Most people use ChatGPT wrong — here's how to fix it
The campaign around the release of GPT-5 promised a "tipping point," but the user response was muted due to confusion and the disappearance of favorite models. Sam Altman later inadvertently showed why OpenAI's expectations diverged from reality: a significant proportion of people do not use "thoughtful" models designed to give more accurate answers.
FastCompany writes about it.
Why do people use ChatGPT incorrectly?
OpenAI presented GPT-5 with pomp, having held an online presentation of its capabilities, however, surprise and discontent prevailed on social networks due to the removal of a number of key models. The explanation appeared after Sam Altman's post in X: commenting on the reduction of query limits for Plus subscribers (the plan costs $ 20 per month), he revealed that before the release of GPT-5, only about 1% of users without a subscription and 7% of paid ones generally turned to reasoning models like o3.
the percentage of users using reasoning models each day is significantly increasing; for example, for free users we went from <1% to 7%, and for plus users from 7% to 24%.
— Sam Altman (@sama) August 10, 2025
i expect use of reasoning to greatly increase over time, so rate limit increases are important.
Reasoning models first "think through" the problem before responding. Ignoring them is like buying a car and driving it in first or second gear, then wondering why it's uncomfortable to drive, or taking a quiz and shouting out the first answer you can think of. In practice, most users value speed and convenience over quality, which is why the disappearance of GPT-4o caused a flurry of complaints (the model was later returned to paid users after persistent community demands). But when you ask a chatbot for help, it's good answers that matter, not lightning-fast ones.

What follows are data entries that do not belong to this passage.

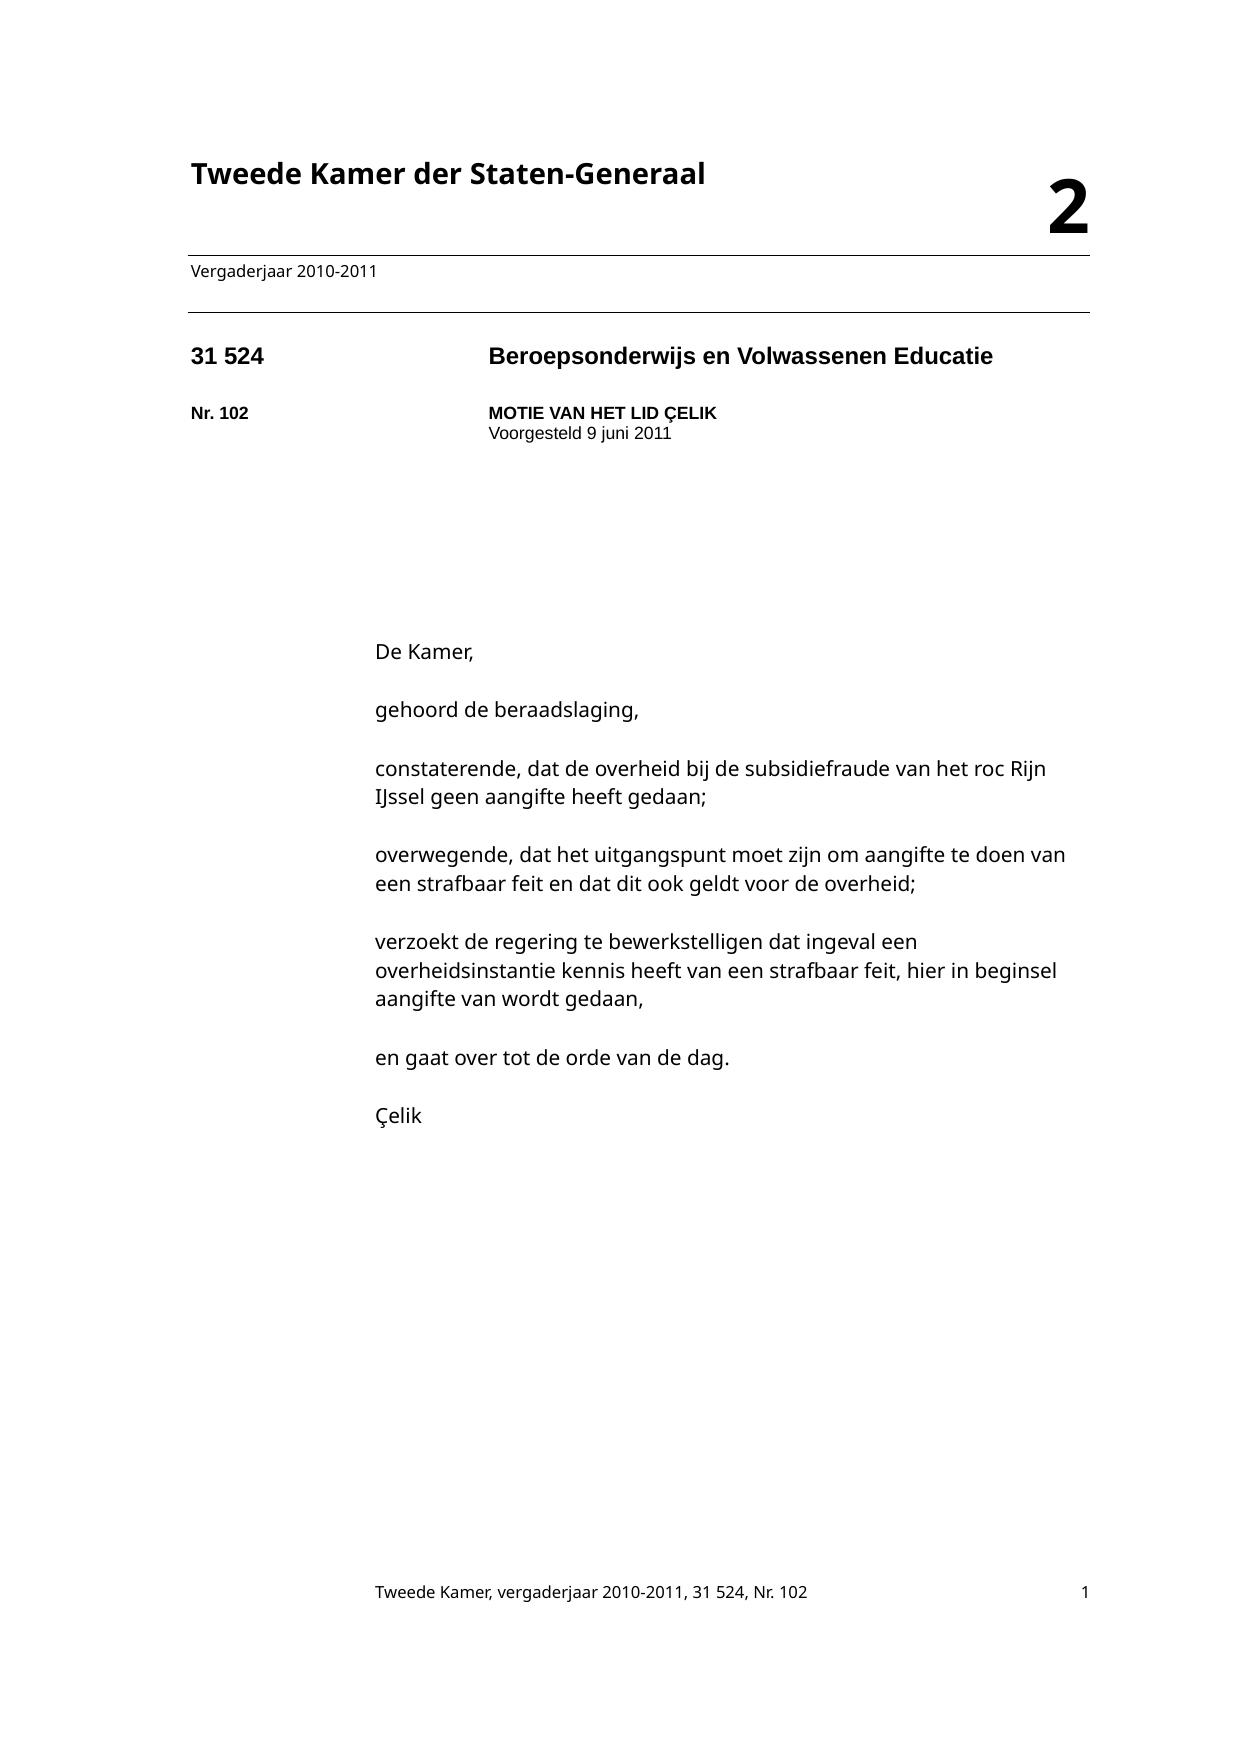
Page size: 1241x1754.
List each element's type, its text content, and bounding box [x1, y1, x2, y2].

table_cell Beroepsonderwijs en Volwassenen Educatie [485, 339, 1090, 399]
table_cell Nr. 102 [188, 399, 485, 518]
table_cell [188, 313, 485, 339]
text verzoekt de regering te bewerkstelligen dat ingeval een overheidsinstantie kennis heeft van een strafbaar feit, hier in beginsel aangifte van wordt gedaan, [375, 927, 1090, 1013]
text constaterende, dat de overheid bij de subsidiefraude van het roc Rijn IJssel geen aangifte heeft gedaan; [375, 754, 1090, 811]
text De Kamer, [375, 637, 1090, 665]
table_cell [485, 313, 1090, 339]
table_header 2 [910, 150, 1090, 255]
text en gaat over tot de orde van de dag. [375, 1043, 1090, 1071]
table_cell Vergaderjaar 2010-2011 [188, 256, 485, 312]
text overwegende, dat het uitgangspunt moet zijn om aangifte te doen van een strafbaar feit en dat dit ook geldt voor de overheid; [375, 841, 1090, 897]
table_header Tweede Kamer der Staten-Generaal [188, 150, 909, 255]
table_cell MOTIE VAN HET LID ÇELIK Voorgesteld 9 juni 2011 [485, 399, 1090, 518]
text gehoord de beraadslaging, [375, 695, 1090, 724]
text Çelik [375, 1101, 1090, 1130]
table_cell 31 524 [188, 339, 485, 399]
table_cell [485, 256, 1090, 312]

By design, reasoning models spend more computing resources on planning, testing, and iteration—which is why they run slower and are more expensive. Because of this, vendors default to showing "fast" versions and offer to switch to alternatives via a drop-down menu. Adding to the confusion is OpenAI's tradition of giving its models obscure names: GPT-5 was supposed to fix this, but it didn't work out completely — users still have a hard time distinguishing the "thoughtful" version from the simplified one, so the company is tweaking the designations again.
For some users, waiting "a minute instead of a second" is not a problem: they ran a query and got busy with other things. But for many, it's too long. Even after the release of GPT-5, where the difference between the "flagship" GPT-5 and GPT-5 thinking, which offers "getting more detailed answers", was made more noticeable, only about one in four paid users turn on "thoughtfulness".
Altman's figures help answer a broader question about the benefits of AI for the mass audience: why only a third of users who have used chatbots at least once call them "very useful" (half the number among AI experts), while one in five call them "not useful" (twice the number among experts). The answer is simple: most are using the tool incorrectly — assigning complex, multi-step tasks without "pause for thought."